Jane K. Cowan (University of Sussex) will give a talk titled ‘Words, numbers, culture: Thinking with Sally Merry at the Universal Periodic Review’. Julie Billaud (Graduate Institute in Geneva) will act as discussant.
When: 30 April 2021 / 2.00-3.30 pm CET
Link: https://zoom.us/j/93210372616pwd=dTZZ…
ID: 93210372616
Password: 4JzWZ6
Abstract
Currently being prepared for a festschrift honoring the work of Sally Engle Merry, this paper involves ‘thinking with Sally Merry’ in two senses. It recalls conversations with Merry over a period of more than two decades, and in particular her visit to Geneva in 2011 when she accompanied me to a session of the Universal Periodic Review (UPR), which I was then researching along with Julie Billaud.

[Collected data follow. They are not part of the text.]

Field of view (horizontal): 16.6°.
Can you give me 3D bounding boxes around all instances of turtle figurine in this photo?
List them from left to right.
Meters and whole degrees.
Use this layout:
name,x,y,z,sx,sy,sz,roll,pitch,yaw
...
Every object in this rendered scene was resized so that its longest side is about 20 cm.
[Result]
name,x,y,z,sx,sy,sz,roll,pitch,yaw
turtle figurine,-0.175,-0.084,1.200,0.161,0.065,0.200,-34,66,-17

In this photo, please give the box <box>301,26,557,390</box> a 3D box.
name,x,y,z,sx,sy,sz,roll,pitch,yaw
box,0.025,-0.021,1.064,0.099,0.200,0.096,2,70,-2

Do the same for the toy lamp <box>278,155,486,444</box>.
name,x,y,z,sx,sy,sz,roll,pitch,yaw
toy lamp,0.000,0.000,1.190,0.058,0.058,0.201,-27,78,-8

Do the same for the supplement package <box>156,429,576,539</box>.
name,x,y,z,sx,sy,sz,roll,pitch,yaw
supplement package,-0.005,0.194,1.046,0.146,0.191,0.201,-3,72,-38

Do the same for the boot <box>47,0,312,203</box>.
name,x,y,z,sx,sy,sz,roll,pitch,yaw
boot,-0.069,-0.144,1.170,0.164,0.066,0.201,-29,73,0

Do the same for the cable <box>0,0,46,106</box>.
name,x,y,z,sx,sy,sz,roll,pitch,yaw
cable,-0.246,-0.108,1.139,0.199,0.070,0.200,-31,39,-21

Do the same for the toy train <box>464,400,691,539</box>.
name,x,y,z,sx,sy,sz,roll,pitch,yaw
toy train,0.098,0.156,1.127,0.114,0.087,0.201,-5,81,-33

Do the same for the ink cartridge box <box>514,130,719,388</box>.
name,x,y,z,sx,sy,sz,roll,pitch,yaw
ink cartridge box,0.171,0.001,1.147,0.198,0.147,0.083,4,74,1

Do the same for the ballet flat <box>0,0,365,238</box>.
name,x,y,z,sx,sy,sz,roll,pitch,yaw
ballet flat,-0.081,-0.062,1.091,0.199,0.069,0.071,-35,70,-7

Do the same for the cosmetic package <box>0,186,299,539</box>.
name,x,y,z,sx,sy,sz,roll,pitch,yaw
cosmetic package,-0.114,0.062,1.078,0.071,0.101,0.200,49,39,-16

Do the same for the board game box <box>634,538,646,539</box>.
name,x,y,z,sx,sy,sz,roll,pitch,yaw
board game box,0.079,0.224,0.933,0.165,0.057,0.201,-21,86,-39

With so little ethnographic work having been carried out on the United Nations human rights system up to that point, we both felt a strong desire to ‘compare notes’ regarding the similarities and differences between CEDAW, an example of the treaty body system and the UPR. In a second sense, the paper involves my continuing engagement with Merry’s broader concerns with language, quantification and culture as I have tried to make sense of practices surrounding the Universal Periodic Review as a new monitoring mechanism with its distinctive logics of audit, power and influence. In the presentation I examine the practices of members of civil society and non-governmental organisations, another core concern of Merry’s work, focusing on activities developed by UPR-Info, an NGO that provides crucial support to the UPR process. I look first at the recently invented ritual of the UPR Pre-sessions, focusing on language used by civil society actors and questions of vernacularization. I then consider the preoccupation with quantification, showing how and why it works rather differently in the UPR than in other parts of the UN system where indicators have taken hold. The theme of ‘culture’ runs through the paper, particularly regarding ‘UN culture’: the quickly normalized and taken-for-granted yet somewhat strange conventions of everyday practice at the United Nations.